**Problem:**
Output exactly the lines from the one with "text Gemeente Amstelveen - aanvraag" to the close of the records below, first and last included.

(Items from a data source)
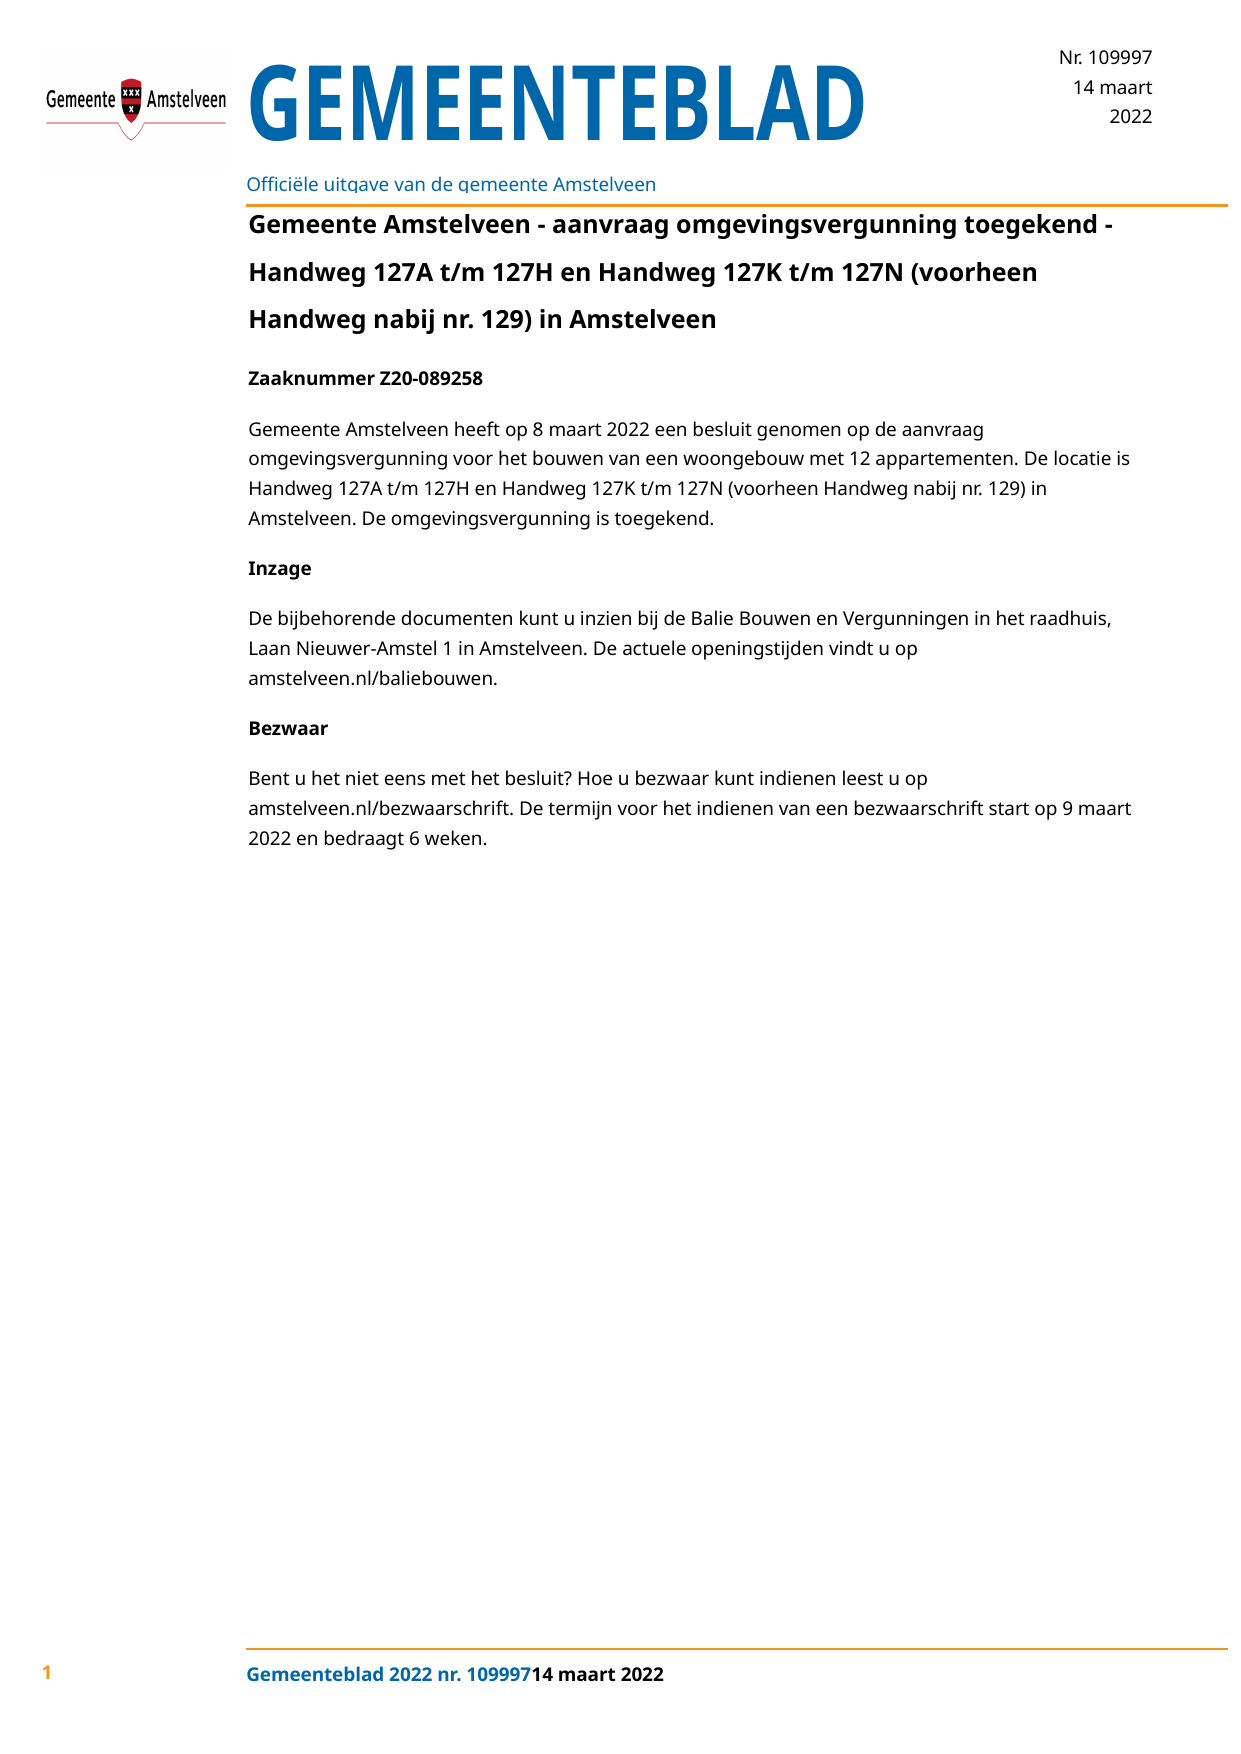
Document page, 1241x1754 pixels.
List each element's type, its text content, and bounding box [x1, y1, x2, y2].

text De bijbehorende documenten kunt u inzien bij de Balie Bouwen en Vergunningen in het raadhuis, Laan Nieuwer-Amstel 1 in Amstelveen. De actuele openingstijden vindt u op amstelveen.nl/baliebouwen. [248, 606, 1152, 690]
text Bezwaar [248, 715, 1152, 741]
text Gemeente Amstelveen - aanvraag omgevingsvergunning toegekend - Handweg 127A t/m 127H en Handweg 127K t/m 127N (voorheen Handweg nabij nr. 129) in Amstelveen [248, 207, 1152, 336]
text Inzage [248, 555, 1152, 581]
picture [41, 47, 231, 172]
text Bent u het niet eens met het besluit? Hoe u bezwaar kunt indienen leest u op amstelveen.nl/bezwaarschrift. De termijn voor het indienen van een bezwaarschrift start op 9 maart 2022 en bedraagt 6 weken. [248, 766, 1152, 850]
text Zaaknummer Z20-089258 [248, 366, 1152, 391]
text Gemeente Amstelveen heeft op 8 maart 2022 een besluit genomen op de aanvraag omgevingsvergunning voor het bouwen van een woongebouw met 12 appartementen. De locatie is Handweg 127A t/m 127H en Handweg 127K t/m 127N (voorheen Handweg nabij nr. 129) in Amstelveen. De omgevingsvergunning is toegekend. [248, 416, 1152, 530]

**Answer to the exercise:**
text Gemeente Amstelveen - aanvraag omgevingsvergunning toegekend - Handweg 127A t/m 127H en Handweg 127K t/m 127N (voorheen Handweg nabij nr. 129) in Amstelveen [248, 207, 1152, 336]
text Inzage [248, 555, 1152, 581]
picture [41, 47, 231, 172]
text Bent u het niet eens met het besluit? Hoe u bezwaar kunt indienen leest u op amstelveen.nl/bezwaarschrift. De termijn voor het indienen van een bezwaarschrift start op 9 maart 2022 en bedraagt 6 weken. [248, 766, 1152, 850]
text Zaaknummer Z20-089258 [248, 366, 1152, 391]
text Gemeente Amstelveen heeft op 8 maart 2022 een besluit genomen op de aanvraag omgevingsvergunning voor het bouwen van een woongebouw met 12 appartementen. De locatie is Handweg 127A t/m 127H en Handweg 127K t/m 127N (voorheen Handweg nabij nr. 129) in Amstelveen. De omgevingsvergunning is toegekend. [248, 416, 1152, 530]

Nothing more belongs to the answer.